Map with all the seven continents: Africa, Asia, Pacific, North America, South America, Oceania and Antarctica
Mercator’s Eurocentrism can easily be replaced and, for example, maps in the USA show a different planet Earth where Europe fades to the side, about where we’d picture India in a planisphere. In Japan, planispheres place the land of the rising sun top and center.
These are refreshing variations that show us different graphic perspectives of our planet that we aren’t used to and helps us see details we had never noticed before.
For example, the closeness between Russia and the USA, only 80 km from each other, separated by the Bearing Strait that separates Alaska from the Russian area of Chukotka.
Or the flight routes that seem absurd to those who are used to Mercator’s Eurocentrism but that makes perfect sense for those who see the planet as a globe.
The most common world maps are the ones called political maps that show the main cities of each country, usually the capitals, and the borders between each nation. But sometimes there are different maps combined into one.
The physical maps show the planet’s morphology in three dimensions, with information about the relief, above and under the sea, and the soils and vegetation.
Some Planispheres follow a theme, usually connected to a human or natural event, such as the number of people living in an area or levels of pollution while others represent historical events such as invasions, migrations, or how borders evolved.
Elements of a Planisphere
A good planisphere has a series of elements to describe its characteristics. Some are optional, but others are essential and almost mandatory.
All planispheres must have a scale, but distortion will make this element less precise. Although in a planisphere direction is obvious, we all know which side is north, this element is also mandatory. The legend has essential information that explains the colors and symbols used on the map.
Most maps have a title, the projection method and, especially in older planispheres, the name of the cartographer who designed it and the date.
What about the Internet?
- The cartographic tool most used online, and even offline for some time now, is Google Maps. Despite all its tools and possibilities, Google Maps uses an adapted Mercator Projection, and so does Bing Maps, Yahoo Maps, OpenStreetMap, and MapQuest.

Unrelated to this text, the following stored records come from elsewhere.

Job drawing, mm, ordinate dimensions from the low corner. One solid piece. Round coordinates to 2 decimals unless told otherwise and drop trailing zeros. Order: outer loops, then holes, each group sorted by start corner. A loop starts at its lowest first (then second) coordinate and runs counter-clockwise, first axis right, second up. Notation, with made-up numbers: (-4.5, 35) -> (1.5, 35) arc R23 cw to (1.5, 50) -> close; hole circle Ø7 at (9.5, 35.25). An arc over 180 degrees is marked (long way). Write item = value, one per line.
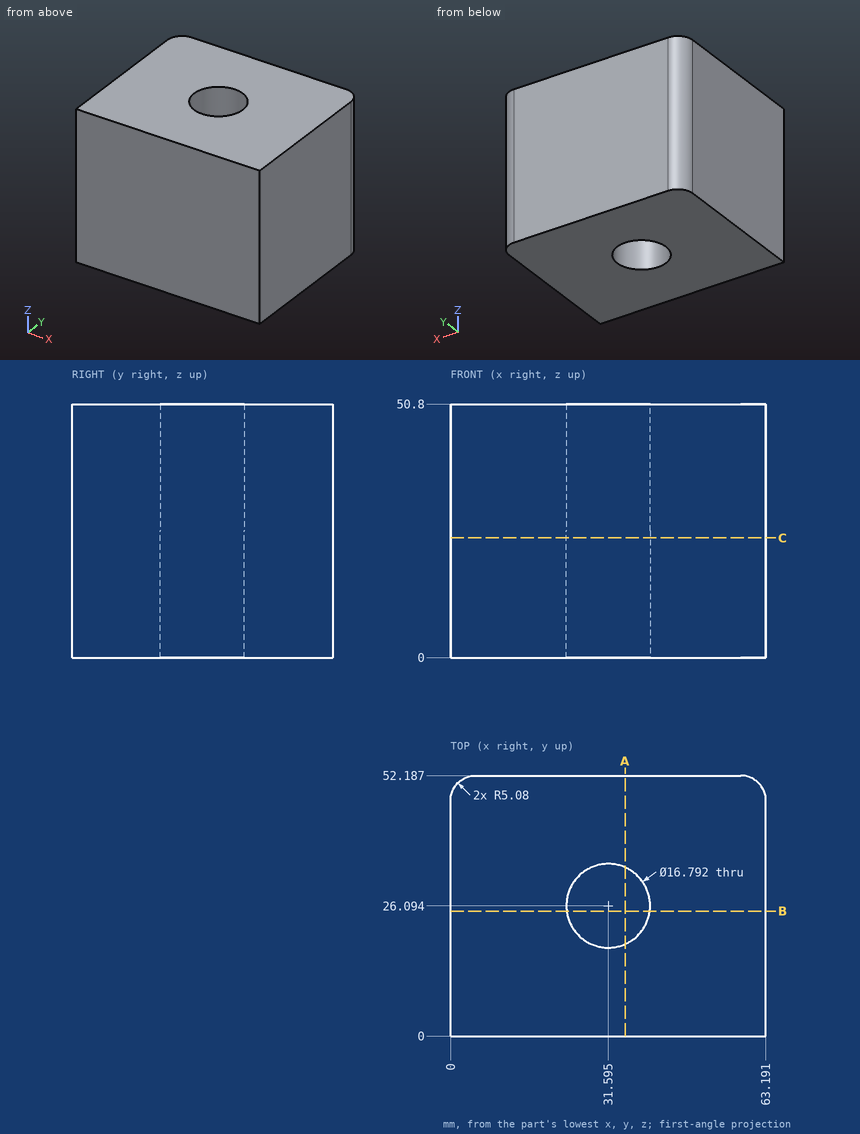
Q1. Probe probe 1 along X at (y, z) = (29.5, 19); probe 2 along X at (y, z) = (25.5, 30); probe 3 along Y at (x, z) = (28.5, 40.5). List the from-to ranges inside material, lowest first.
Check values:
probe_1 = 0 to 23.92, 39.27 to 63.19
probe_2 = 0 to 23.22, 39.97 to 63.19
probe_3 = 0 to 18.29, 33.9 to 52.19
Q2. Cut at C-C, the plane z = 24. List the corners of the cut face in (x, y) (1 decimal), and give its area (4 significant figures).
Check values:
outline = (0, 0) -> (63.2, 0) -> (63.2, 47.1) arc R5.1 ccw to (58.1, 52.2) -> (5.1, 52.2) arc R5.1 ccw to (0, 47.1) -> close; hole circle Ø16.8 at (31.6, 26.1)
area = 3,065 mm²
Q3. Flat gauge pins, fed straight in: pin 1 (13.5 mm diameter, centred on x = 31.6, y = 26.09, fed in from +Z); pin 2 (12 mm diameter, centred on x = 55.5, y = 42.5, fed in from -Z). Where does each tip first touch, or does it go through?
Check values:
pin_1 = through
pin_2 = 0
Q4. Cut at A-A, the plane x = 35. List the corners of the cut face in (y, z), and give its area (3 significant figures).
Check values:
outline = (0, 0) -> (18.42, 0) -> (18.42, 50.8) -> (0, 50.8) -> close; (33.77, 0) -> (52.19, 0) -> (52.19, 50.8) -> (33.77, 50.8) -> close
area = 1,870 mm²
Q5. Cut at B-B, the plane y = 25. List the corners of the cut face in (x, z), and give its area (3 significant figures).
Check values:
outline = (0, 0) -> (23.27, 0) -> (23.27, 50.8) -> (0, 50.8) -> close; (39.92, 0) -> (63.19, 0) -> (63.19, 50.8) -> (39.92, 50.8) -> close
area = 2,360 mm²

- But the Internet brought us something else, a great tool that allows us to see the planet in two dimensions without distortion: Google Earth. With this system, the user can spin the globe, zoom in to the points they want to see closer, and although it’s not technically a map because it’s a series of grouped satellite photos, it provides a correct visual perception of the world where scales, angles, and shapes are preserved.
- Check out this interesting website to compare map projections.
What have we learned from all these different world map projections?
- That what we see in a world map projection is not an accurate representation of the planet, and it couldn’t be because it’s impossible to represent a globe in two dimensions.
- The Earth is not flat, as some of the scholars of Ancient Greece had mentioned before. And because it’s not flat, any attempt to represent it on a map will somewhat fail.
- Over the centuries, mathematicians and cartographers tried to define the best method to minimize distortion that comes from creating a planisphere, but the best solution is still not consensual.
- If you want to have a real perception of what our planet is like without distortions and with the correct proportions, it’s better to use a globe. That is an accurate model of Earth.
- It’s true that even those follow a specific pattern, with the North Pole at the top and the South Pole at the bottom, but it’s still a more accurate tool than a planisphere.